GIVEN DATA START

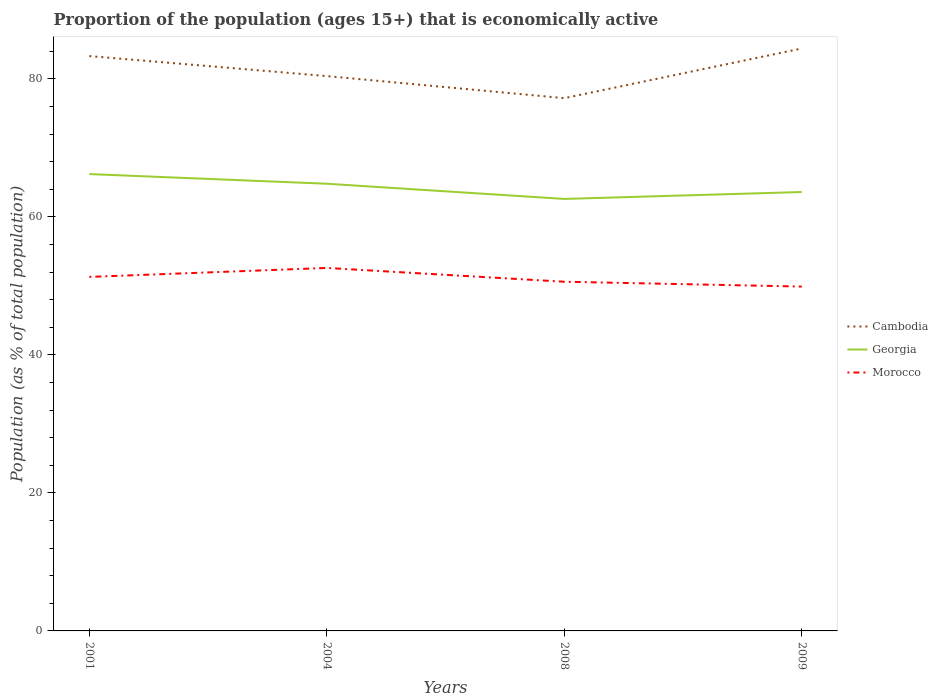Does the line corresponding to Georgia intersect with the line corresponding to Cambodia?
Ensure brevity in your answer.  No. Is the number of lines equal to the number of legend labels?
Your answer should be compact. Yes. Across all years, what is the maximum proportion of the population that is economically active in Cambodia?
Offer a very short reply. 77.2. What is the total proportion of the population that is economically active in Georgia in the graph?
Ensure brevity in your answer.  2.2. What is the difference between the highest and the second highest proportion of the population that is economically active in Cambodia?
Offer a very short reply. 7.2. How many lines are there?
Your answer should be compact. 3. How many years are there in the graph?
Offer a terse response. 4. Are the values on the major ticks of Y-axis written in scientific E-notation?
Provide a succinct answer. No. Does the graph contain any zero values?
Provide a short and direct response. No. Does the graph contain grids?
Your answer should be compact. No. Where does the legend appear in the graph?
Ensure brevity in your answer.  Center right. How many legend labels are there?
Your answer should be compact. 3. What is the title of the graph?
Keep it short and to the point. Proportion of the population (ages 15+) that is economically active. What is the label or title of the X-axis?
Make the answer very short. Years. What is the label or title of the Y-axis?
Offer a very short reply. Population (as % of total population). What is the Population (as % of total population) in Cambodia in 2001?
Give a very brief answer. 83.3. What is the Population (as % of total population) in Georgia in 2001?
Ensure brevity in your answer.  66.2. What is the Population (as % of total population) in Morocco in 2001?
Provide a succinct answer. 51.3. What is the Population (as % of total population) of Cambodia in 2004?
Your answer should be compact. 80.4. What is the Population (as % of total population) in Georgia in 2004?
Keep it short and to the point. 64.8. What is the Population (as % of total population) of Morocco in 2004?
Give a very brief answer. 52.6. What is the Population (as % of total population) in Cambodia in 2008?
Your response must be concise. 77.2. What is the Population (as % of total population) of Georgia in 2008?
Keep it short and to the point. 62.6. What is the Population (as % of total population) in Morocco in 2008?
Offer a terse response. 50.6. What is the Population (as % of total population) in Cambodia in 2009?
Offer a very short reply. 84.4. What is the Population (as % of total population) in Georgia in 2009?
Offer a very short reply. 63.6. What is the Population (as % of total population) in Morocco in 2009?
Keep it short and to the point. 49.9. Across all years, what is the maximum Population (as % of total population) in Cambodia?
Give a very brief answer. 84.4. Across all years, what is the maximum Population (as % of total population) in Georgia?
Provide a short and direct response. 66.2. Across all years, what is the maximum Population (as % of total population) of Morocco?
Offer a very short reply. 52.6. Across all years, what is the minimum Population (as % of total population) of Cambodia?
Your answer should be very brief. 77.2. Across all years, what is the minimum Population (as % of total population) in Georgia?
Your answer should be very brief. 62.6. Across all years, what is the minimum Population (as % of total population) of Morocco?
Ensure brevity in your answer.  49.9. What is the total Population (as % of total population) of Cambodia in the graph?
Offer a terse response. 325.3. What is the total Population (as % of total population) in Georgia in the graph?
Make the answer very short. 257.2. What is the total Population (as % of total population) of Morocco in the graph?
Keep it short and to the point. 204.4. What is the difference between the Population (as % of total population) of Georgia in 2001 and that in 2004?
Ensure brevity in your answer.  1.4. What is the difference between the Population (as % of total population) of Cambodia in 2001 and that in 2008?
Offer a very short reply. 6.1. What is the difference between the Population (as % of total population) in Georgia in 2001 and that in 2008?
Offer a terse response. 3.6. What is the difference between the Population (as % of total population) of Georgia in 2001 and that in 2009?
Keep it short and to the point. 2.6. What is the difference between the Population (as % of total population) of Cambodia in 2004 and that in 2008?
Make the answer very short. 3.2. What is the difference between the Population (as % of total population) of Morocco in 2004 and that in 2008?
Make the answer very short. 2. What is the difference between the Population (as % of total population) in Cambodia in 2004 and that in 2009?
Ensure brevity in your answer.  -4. What is the difference between the Population (as % of total population) of Morocco in 2004 and that in 2009?
Make the answer very short. 2.7. What is the difference between the Population (as % of total population) in Cambodia in 2008 and that in 2009?
Give a very brief answer. -7.2. What is the difference between the Population (as % of total population) in Cambodia in 2001 and the Population (as % of total population) in Georgia in 2004?
Make the answer very short. 18.5. What is the difference between the Population (as % of total population) in Cambodia in 2001 and the Population (as % of total population) in Morocco in 2004?
Keep it short and to the point. 30.7. What is the difference between the Population (as % of total population) of Georgia in 2001 and the Population (as % of total population) of Morocco in 2004?
Give a very brief answer. 13.6. What is the difference between the Population (as % of total population) of Cambodia in 2001 and the Population (as % of total population) of Georgia in 2008?
Ensure brevity in your answer.  20.7. What is the difference between the Population (as % of total population) of Cambodia in 2001 and the Population (as % of total population) of Morocco in 2008?
Ensure brevity in your answer.  32.7. What is the difference between the Population (as % of total population) of Georgia in 2001 and the Population (as % of total population) of Morocco in 2008?
Offer a very short reply. 15.6. What is the difference between the Population (as % of total population) in Cambodia in 2001 and the Population (as % of total population) in Morocco in 2009?
Make the answer very short. 33.4. What is the difference between the Population (as % of total population) in Cambodia in 2004 and the Population (as % of total population) in Georgia in 2008?
Ensure brevity in your answer.  17.8. What is the difference between the Population (as % of total population) of Cambodia in 2004 and the Population (as % of total population) of Morocco in 2008?
Your answer should be very brief. 29.8. What is the difference between the Population (as % of total population) of Georgia in 2004 and the Population (as % of total population) of Morocco in 2008?
Make the answer very short. 14.2. What is the difference between the Population (as % of total population) in Cambodia in 2004 and the Population (as % of total population) in Georgia in 2009?
Your answer should be compact. 16.8. What is the difference between the Population (as % of total population) in Cambodia in 2004 and the Population (as % of total population) in Morocco in 2009?
Keep it short and to the point. 30.5. What is the difference between the Population (as % of total population) in Cambodia in 2008 and the Population (as % of total population) in Georgia in 2009?
Your answer should be compact. 13.6. What is the difference between the Population (as % of total population) of Cambodia in 2008 and the Population (as % of total population) of Morocco in 2009?
Offer a terse response. 27.3. What is the difference between the Population (as % of total population) in Georgia in 2008 and the Population (as % of total population) in Morocco in 2009?
Make the answer very short. 12.7. What is the average Population (as % of total population) of Cambodia per year?
Make the answer very short. 81.33. What is the average Population (as % of total population) of Georgia per year?
Keep it short and to the point. 64.3. What is the average Population (as % of total population) of Morocco per year?
Your response must be concise. 51.1. In the year 2001, what is the difference between the Population (as % of total population) of Cambodia and Population (as % of total population) of Georgia?
Provide a succinct answer. 17.1. In the year 2001, what is the difference between the Population (as % of total population) in Georgia and Population (as % of total population) in Morocco?
Your response must be concise. 14.9. In the year 2004, what is the difference between the Population (as % of total population) in Cambodia and Population (as % of total population) in Morocco?
Make the answer very short. 27.8. In the year 2004, what is the difference between the Population (as % of total population) of Georgia and Population (as % of total population) of Morocco?
Your answer should be compact. 12.2. In the year 2008, what is the difference between the Population (as % of total population) of Cambodia and Population (as % of total population) of Georgia?
Offer a terse response. 14.6. In the year 2008, what is the difference between the Population (as % of total population) of Cambodia and Population (as % of total population) of Morocco?
Your answer should be compact. 26.6. In the year 2008, what is the difference between the Population (as % of total population) of Georgia and Population (as % of total population) of Morocco?
Offer a terse response. 12. In the year 2009, what is the difference between the Population (as % of total population) of Cambodia and Population (as % of total population) of Georgia?
Offer a terse response. 20.8. In the year 2009, what is the difference between the Population (as % of total population) in Cambodia and Population (as % of total population) in Morocco?
Ensure brevity in your answer.  34.5. What is the ratio of the Population (as % of total population) of Cambodia in 2001 to that in 2004?
Ensure brevity in your answer.  1.04. What is the ratio of the Population (as % of total population) in Georgia in 2001 to that in 2004?
Provide a succinct answer. 1.02. What is the ratio of the Population (as % of total population) in Morocco in 2001 to that in 2004?
Keep it short and to the point. 0.98. What is the ratio of the Population (as % of total population) of Cambodia in 2001 to that in 2008?
Offer a very short reply. 1.08. What is the ratio of the Population (as % of total population) of Georgia in 2001 to that in 2008?
Make the answer very short. 1.06. What is the ratio of the Population (as % of total population) in Morocco in 2001 to that in 2008?
Provide a succinct answer. 1.01. What is the ratio of the Population (as % of total population) of Cambodia in 2001 to that in 2009?
Offer a very short reply. 0.99. What is the ratio of the Population (as % of total population) in Georgia in 2001 to that in 2009?
Provide a succinct answer. 1.04. What is the ratio of the Population (as % of total population) of Morocco in 2001 to that in 2009?
Provide a succinct answer. 1.03. What is the ratio of the Population (as % of total population) of Cambodia in 2004 to that in 2008?
Ensure brevity in your answer.  1.04. What is the ratio of the Population (as % of total population) of Georgia in 2004 to that in 2008?
Make the answer very short. 1.04. What is the ratio of the Population (as % of total population) of Morocco in 2004 to that in 2008?
Give a very brief answer. 1.04. What is the ratio of the Population (as % of total population) of Cambodia in 2004 to that in 2009?
Make the answer very short. 0.95. What is the ratio of the Population (as % of total population) in Georgia in 2004 to that in 2009?
Your answer should be very brief. 1.02. What is the ratio of the Population (as % of total population) in Morocco in 2004 to that in 2009?
Provide a short and direct response. 1.05. What is the ratio of the Population (as % of total population) of Cambodia in 2008 to that in 2009?
Your response must be concise. 0.91. What is the ratio of the Population (as % of total population) in Georgia in 2008 to that in 2009?
Ensure brevity in your answer.  0.98. What is the difference between the highest and the second highest Population (as % of total population) of Cambodia?
Offer a very short reply. 1.1. What is the difference between the highest and the lowest Population (as % of total population) in Morocco?
Ensure brevity in your answer.  2.7.

GIVEN DATA END

[YOUR TASK]:
Everything above from the line containing "Your response must be concise. 77.2." through the line containing "Offer a very short reply. 52.6." must be copied exactly. Nothing outside that range belongs in the answer.

[TASK RESPONSE]:
Your response must be concise. 77.2. What is the Population (as % of total population) of Georgia in 2008?
Keep it short and to the point. 62.6. What is the Population (as % of total population) in Morocco in 2008?
Offer a terse response. 50.6. What is the Population (as % of total population) in Cambodia in 2009?
Offer a very short reply. 84.4. What is the Population (as % of total population) in Georgia in 2009?
Offer a very short reply. 63.6. What is the Population (as % of total population) in Morocco in 2009?
Keep it short and to the point. 49.9. Across all years, what is the maximum Population (as % of total population) in Cambodia?
Give a very brief answer. 84.4. Across all years, what is the maximum Population (as % of total population) in Georgia?
Provide a short and direct response. 66.2. Across all years, what is the maximum Population (as % of total population) of Morocco?
Offer a very short reply. 52.6. Across all years, what is the minimum Population (as % of total population) of Cambodia?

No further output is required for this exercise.